Stored dataset items:
☆ ☆ ☆ ☆ ☆ ☆ ☆

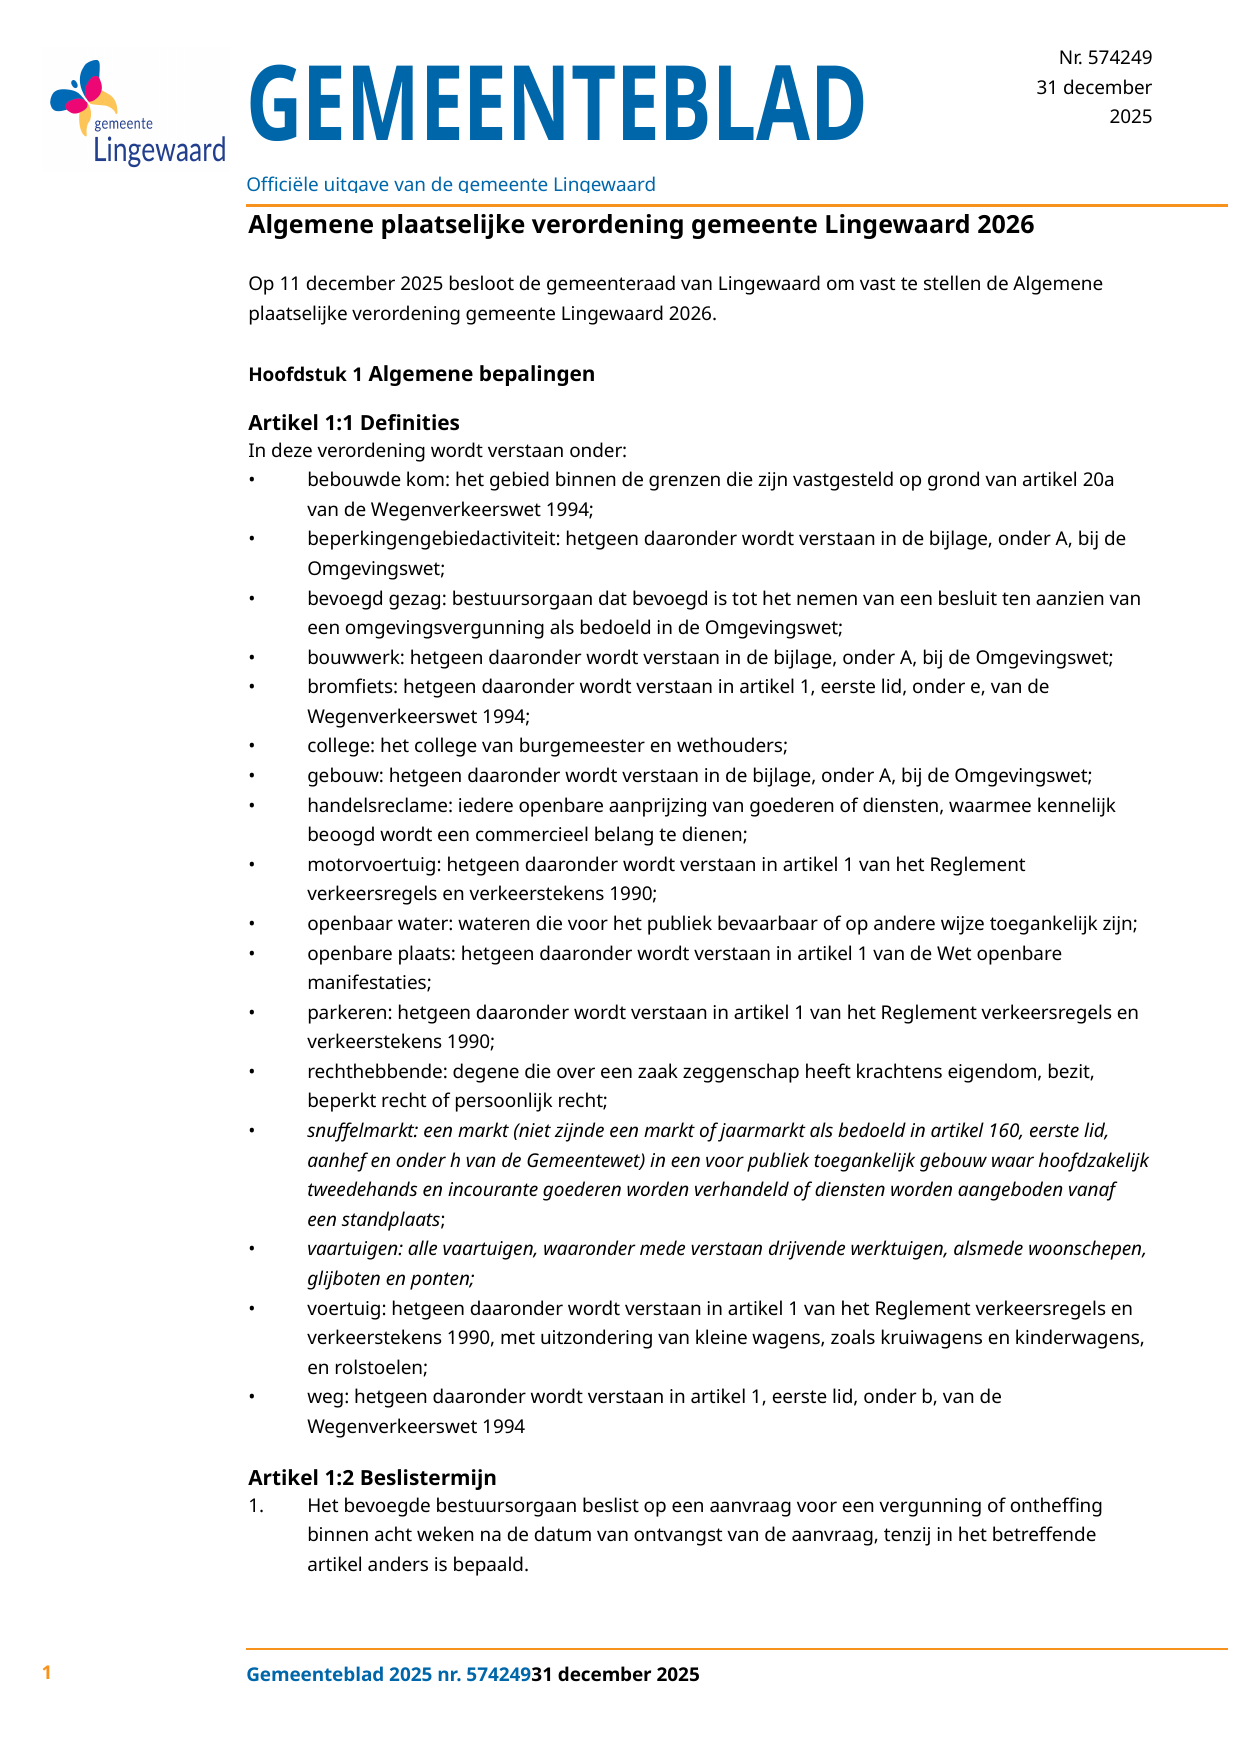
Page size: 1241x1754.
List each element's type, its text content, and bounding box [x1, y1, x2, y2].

list snuffelmarkt: een markt (niet zijnde een markt of jaarmarkt als bedoeld in artikel 160, eerste lid, aanhef en onder h van de Gemeentewet) in een voor publiek toegankelijk gebouw waar hoofdzakelijk tweedehands en incourante goederen worden verhandeld of diensten worden aangeboden vanaf een standplaats; [248, 1117, 1152, 1232]
list openbaar water: wateren die voor het publiek bevaarbaar of op andere wijze toegankelijk zijn; [248, 910, 1152, 936]
list college: het college van burgemeester en wethouders; [248, 733, 1152, 758]
list rechthebbende: degene die over een zaak zeggenschap heeft krachtens eigendom, bezit, beperkt recht of persoonlijk recht; [248, 1058, 1152, 1113]
list beperkingengebiedactiviteit: hetgeen daaronder wordt verstaan in de bijlage, onder A, bij de Omgevingswet; [248, 526, 1152, 581]
list handelsreclame: iedere openbare aanprijzing van goederen of diensten, waarmee kennelijk beoogd wordt een commercieel belang te dienen; [248, 792, 1152, 847]
list Het bevoegde bestuursorgaan beslist op een aanvraag voor een vergunning of ontheffing binnen acht weken na de datum van ontvangst van de aanvraag, tenzij in het betreffende artikel anders is bepaald. [248, 1492, 1152, 1577]
text In deze verordening wordt verstaan onder: [248, 437, 1152, 462]
list openbare plaats: hetgeen daaronder wordt verstaan in artikel 1 van de Wet openbare manifestaties; [248, 940, 1152, 995]
list vaartuigen: alle vaartuigen, waaronder mede verstaan drijvende werktuigen, alsmede woonschepen, glijboten en ponten; [248, 1236, 1152, 1291]
picture [41, 47, 231, 172]
list motorvoertuig: hetgeen daaronder wordt verstaan in artikel 1 van het Reglement verkeersregels en verkeerstekens 1990; [248, 851, 1152, 906]
text Hoofdstuk 1 Algemene bepalingen [248, 359, 1152, 387]
text Op 11 december 2025 besloot de gemeenteraad van Lingewaard om vast te stellen de Algemene plaatselijke verordening gemeente Lingewaard 2026. [248, 270, 1152, 326]
list gebouw: hetgeen daaronder wordt verstaan in de bijlage, onder A, bij de Omgevingswet; [248, 762, 1152, 788]
list bebouwde kom: het gebied binnen de grenzen die zijn vastgesteld op grond van artikel 20a van de Wegenverkeerswet 1994; [248, 466, 1152, 522]
list voertuig: hetgeen daaronder wordt verstaan in artikel 1 van het Reglement verkeersregels en verkeerstekens 1990, met uitzondering van kleine wagens, zoals kruiwagens en kinderwagens, en rolstoelen; [248, 1295, 1152, 1379]
list bevoegd gezag: bestuursorgaan dat bevoegd is tot het nemen van een besluit ten aanzien van een omgevingsvergunning als bedoeld in de Omgevingswet; [248, 585, 1152, 640]
list bouwwerk: hetgeen daaronder wordt verstaan in de bijlage, onder A, bij de Omgevingswet; [248, 644, 1152, 669]
list parkeren: hetgeen daaronder wordt verstaan in artikel 1 van het Reglement verkeersregels en verkeerstekens 1990; [248, 999, 1152, 1054]
text Artikel 1:2 Beslistermijn [248, 1463, 1152, 1492]
text Artikel 1:1 Definities [248, 408, 1152, 437]
list bromfiets: hetgeen daaronder wordt verstaan in artikel 1, eerste lid, onder e, van de Wegenverkeerswet 1994; [248, 673, 1152, 729]
list weg: hetgeen daaronder wordt verstaan in artikel 1, eerste lid, onder b, van de Wegenverkeerswet 1994 [248, 1383, 1152, 1439]
text Algemene plaatselijke verordening gemeente Lingewaard 2026 [248, 207, 1152, 241]

☆ ☆ ☆ ☆ ☆ ☆ ☆

Retype exactly the lines of the data above that fall between the line with "list bebouwde kom: het" and the line with "text Artikel 1:2", inclusive, and add nothing.

list bebouwde kom: het gebied binnen de grenzen die zijn vastgesteld op grond van artikel 20a van de Wegenverkeerswet 1994; [248, 466, 1152, 522]
list voertuig: hetgeen daaronder wordt verstaan in artikel 1 van het Reglement verkeersregels en verkeerstekens 1990, met uitzondering van kleine wagens, zoals kruiwagens en kinderwagens, en rolstoelen; [248, 1295, 1152, 1379]
list bevoegd gezag: bestuursorgaan dat bevoegd is tot het nemen van een besluit ten aanzien van een omgevingsvergunning als bedoeld in de Omgevingswet; [248, 585, 1152, 640]
list bouwwerk: hetgeen daaronder wordt verstaan in de bijlage, onder A, bij de Omgevingswet; [248, 644, 1152, 669]
list parkeren: hetgeen daaronder wordt verstaan in artikel 1 van het Reglement verkeersregels en verkeerstekens 1990; [248, 999, 1152, 1054]
text Artikel 1:2 Beslistermijn [248, 1463, 1152, 1492]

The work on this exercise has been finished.